Problem statement |
Exactly as written, restate the material below from its first line through the line containing "import ezdxf", and stop there.

Source data |
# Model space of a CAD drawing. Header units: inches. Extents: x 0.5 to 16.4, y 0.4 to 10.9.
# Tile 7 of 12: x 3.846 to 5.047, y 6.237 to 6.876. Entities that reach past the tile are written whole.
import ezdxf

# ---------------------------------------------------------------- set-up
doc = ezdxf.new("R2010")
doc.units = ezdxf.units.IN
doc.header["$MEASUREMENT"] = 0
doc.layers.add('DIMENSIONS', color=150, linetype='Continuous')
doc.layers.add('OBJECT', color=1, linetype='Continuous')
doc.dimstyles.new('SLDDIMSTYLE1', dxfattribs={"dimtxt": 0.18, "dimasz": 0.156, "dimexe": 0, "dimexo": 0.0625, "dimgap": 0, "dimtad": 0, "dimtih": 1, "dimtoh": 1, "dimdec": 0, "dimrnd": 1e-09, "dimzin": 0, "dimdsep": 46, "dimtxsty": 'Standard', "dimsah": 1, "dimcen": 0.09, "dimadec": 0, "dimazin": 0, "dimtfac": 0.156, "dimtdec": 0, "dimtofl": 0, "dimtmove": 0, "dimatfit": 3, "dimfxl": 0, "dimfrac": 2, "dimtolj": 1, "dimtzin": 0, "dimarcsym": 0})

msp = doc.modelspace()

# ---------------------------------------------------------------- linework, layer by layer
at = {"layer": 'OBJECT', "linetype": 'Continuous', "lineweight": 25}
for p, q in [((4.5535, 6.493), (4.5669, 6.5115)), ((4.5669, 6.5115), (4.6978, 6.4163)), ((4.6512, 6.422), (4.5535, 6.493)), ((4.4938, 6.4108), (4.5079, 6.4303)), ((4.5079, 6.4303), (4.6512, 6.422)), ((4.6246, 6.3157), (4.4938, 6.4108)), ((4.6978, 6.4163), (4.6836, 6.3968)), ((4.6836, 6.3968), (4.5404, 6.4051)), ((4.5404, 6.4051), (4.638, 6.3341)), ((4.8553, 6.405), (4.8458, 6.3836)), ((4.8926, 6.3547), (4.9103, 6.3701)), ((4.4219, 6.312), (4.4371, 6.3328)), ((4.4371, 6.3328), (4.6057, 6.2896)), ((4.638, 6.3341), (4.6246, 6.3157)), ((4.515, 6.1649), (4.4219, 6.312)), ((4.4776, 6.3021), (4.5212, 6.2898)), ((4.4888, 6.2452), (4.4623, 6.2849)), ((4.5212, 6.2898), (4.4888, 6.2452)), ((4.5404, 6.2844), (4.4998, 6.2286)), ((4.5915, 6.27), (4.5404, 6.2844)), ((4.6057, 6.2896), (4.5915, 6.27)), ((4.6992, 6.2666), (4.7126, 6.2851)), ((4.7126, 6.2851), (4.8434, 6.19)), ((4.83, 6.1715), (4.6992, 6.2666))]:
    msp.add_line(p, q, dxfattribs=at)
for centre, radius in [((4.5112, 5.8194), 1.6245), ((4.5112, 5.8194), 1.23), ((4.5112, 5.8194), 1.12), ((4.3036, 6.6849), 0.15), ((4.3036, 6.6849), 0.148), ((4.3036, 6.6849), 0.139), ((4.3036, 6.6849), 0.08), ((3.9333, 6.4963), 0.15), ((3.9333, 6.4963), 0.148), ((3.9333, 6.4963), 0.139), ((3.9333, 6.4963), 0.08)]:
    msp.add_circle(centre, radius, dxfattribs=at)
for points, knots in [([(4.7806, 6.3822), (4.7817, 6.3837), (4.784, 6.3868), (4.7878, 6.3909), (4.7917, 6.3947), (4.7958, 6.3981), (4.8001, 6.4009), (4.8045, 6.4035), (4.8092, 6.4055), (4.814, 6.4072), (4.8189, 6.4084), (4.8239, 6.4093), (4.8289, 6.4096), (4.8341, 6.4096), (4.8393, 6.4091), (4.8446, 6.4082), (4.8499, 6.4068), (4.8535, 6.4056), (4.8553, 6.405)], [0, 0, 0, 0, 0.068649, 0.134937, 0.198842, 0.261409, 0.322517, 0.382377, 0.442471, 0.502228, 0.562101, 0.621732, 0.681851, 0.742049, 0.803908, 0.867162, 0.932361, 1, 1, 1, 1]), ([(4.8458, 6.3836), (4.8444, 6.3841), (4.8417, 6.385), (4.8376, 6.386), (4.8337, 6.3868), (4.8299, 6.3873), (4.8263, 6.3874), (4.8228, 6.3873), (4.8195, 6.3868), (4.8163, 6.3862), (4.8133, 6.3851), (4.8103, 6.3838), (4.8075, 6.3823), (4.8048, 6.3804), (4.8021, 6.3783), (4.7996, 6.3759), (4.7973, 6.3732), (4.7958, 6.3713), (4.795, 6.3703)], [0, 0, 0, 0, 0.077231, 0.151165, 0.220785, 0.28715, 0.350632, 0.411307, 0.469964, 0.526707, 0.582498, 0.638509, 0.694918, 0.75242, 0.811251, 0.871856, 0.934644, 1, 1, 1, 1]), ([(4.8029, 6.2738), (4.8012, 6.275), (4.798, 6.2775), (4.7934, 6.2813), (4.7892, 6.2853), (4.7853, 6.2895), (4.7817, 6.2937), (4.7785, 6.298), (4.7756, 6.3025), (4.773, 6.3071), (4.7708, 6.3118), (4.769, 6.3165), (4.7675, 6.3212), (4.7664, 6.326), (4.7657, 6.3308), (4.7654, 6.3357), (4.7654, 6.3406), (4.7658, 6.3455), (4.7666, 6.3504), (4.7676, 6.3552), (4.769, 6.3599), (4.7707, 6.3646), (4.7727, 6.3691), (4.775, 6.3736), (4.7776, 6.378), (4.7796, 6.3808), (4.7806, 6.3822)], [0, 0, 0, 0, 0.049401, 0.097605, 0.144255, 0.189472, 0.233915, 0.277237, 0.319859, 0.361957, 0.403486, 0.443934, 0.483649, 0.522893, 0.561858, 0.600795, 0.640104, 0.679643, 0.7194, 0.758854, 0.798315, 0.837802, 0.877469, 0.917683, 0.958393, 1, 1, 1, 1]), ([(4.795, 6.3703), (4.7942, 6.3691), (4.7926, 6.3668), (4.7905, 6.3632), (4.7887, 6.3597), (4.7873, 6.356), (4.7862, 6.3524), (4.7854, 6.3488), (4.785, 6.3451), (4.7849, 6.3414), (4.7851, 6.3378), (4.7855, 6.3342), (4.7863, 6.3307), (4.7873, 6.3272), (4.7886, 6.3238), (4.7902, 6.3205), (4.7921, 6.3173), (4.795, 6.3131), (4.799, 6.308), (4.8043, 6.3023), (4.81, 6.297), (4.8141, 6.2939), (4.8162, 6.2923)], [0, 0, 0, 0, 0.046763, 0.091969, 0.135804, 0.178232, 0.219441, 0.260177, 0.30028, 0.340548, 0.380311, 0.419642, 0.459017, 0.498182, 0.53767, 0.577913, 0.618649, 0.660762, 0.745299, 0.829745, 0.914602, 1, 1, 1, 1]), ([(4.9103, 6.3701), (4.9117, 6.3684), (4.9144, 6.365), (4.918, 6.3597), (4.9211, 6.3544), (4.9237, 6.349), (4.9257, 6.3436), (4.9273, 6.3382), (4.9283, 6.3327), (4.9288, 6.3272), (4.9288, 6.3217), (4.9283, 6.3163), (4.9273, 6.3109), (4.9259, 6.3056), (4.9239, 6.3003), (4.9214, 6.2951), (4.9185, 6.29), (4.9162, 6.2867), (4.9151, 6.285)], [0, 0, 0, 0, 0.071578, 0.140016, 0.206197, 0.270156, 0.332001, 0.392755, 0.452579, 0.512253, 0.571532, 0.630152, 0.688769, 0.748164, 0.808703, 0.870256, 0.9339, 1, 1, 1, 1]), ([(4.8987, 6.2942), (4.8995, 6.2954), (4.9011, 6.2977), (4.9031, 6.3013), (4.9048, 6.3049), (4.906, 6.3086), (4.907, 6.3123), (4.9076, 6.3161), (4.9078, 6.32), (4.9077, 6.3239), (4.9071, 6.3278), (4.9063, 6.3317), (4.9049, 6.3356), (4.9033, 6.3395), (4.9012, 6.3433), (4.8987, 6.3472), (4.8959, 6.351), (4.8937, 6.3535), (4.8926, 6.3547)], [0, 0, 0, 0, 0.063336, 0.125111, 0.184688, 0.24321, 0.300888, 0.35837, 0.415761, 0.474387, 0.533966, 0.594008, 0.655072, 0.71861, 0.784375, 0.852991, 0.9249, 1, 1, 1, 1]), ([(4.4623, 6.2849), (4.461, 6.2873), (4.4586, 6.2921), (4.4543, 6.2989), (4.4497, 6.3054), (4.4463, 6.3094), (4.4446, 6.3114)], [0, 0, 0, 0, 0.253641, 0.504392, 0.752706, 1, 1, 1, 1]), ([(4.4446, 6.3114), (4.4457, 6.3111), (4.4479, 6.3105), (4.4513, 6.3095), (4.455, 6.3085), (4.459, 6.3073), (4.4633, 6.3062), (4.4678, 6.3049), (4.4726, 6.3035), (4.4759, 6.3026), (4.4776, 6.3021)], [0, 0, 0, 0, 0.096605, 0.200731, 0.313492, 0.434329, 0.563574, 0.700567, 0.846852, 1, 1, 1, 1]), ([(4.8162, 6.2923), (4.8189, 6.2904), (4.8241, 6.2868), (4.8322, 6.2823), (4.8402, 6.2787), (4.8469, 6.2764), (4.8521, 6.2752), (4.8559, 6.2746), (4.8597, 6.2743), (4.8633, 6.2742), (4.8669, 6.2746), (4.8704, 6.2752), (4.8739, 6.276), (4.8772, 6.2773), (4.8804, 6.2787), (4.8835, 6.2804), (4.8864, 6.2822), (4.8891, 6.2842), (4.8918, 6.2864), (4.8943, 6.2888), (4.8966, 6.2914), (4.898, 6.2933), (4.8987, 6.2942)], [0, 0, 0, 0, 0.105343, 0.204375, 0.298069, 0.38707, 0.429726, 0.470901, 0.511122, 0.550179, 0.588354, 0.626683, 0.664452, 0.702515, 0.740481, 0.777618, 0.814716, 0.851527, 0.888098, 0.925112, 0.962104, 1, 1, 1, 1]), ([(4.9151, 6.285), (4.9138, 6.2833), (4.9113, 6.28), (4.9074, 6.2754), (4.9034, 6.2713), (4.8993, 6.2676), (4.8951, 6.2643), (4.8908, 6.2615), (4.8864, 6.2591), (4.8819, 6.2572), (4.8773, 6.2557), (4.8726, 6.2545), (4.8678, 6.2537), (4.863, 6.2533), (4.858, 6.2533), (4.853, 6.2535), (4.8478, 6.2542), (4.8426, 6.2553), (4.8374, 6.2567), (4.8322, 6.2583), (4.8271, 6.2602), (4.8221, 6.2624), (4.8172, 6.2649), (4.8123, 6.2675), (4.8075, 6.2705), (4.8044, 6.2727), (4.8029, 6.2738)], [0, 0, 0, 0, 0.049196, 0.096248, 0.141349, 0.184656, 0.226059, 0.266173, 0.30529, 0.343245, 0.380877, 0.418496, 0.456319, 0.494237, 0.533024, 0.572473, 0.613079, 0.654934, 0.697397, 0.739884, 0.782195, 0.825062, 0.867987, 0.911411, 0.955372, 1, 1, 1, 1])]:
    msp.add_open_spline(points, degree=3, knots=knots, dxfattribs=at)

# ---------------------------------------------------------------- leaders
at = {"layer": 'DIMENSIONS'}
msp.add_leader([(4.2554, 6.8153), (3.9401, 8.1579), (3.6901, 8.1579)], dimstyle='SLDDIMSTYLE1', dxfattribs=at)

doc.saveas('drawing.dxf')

Written answer |
# Model space of a CAD drawing. Header units: inches. Extents: x 0.5 to 16.4, y 0.4 to 10.9.
# Tile 7 of 12: x 3.846 to 5.047, y 6.237 to 6.876. Entities that reach past the tile are written whole.
import ezdxf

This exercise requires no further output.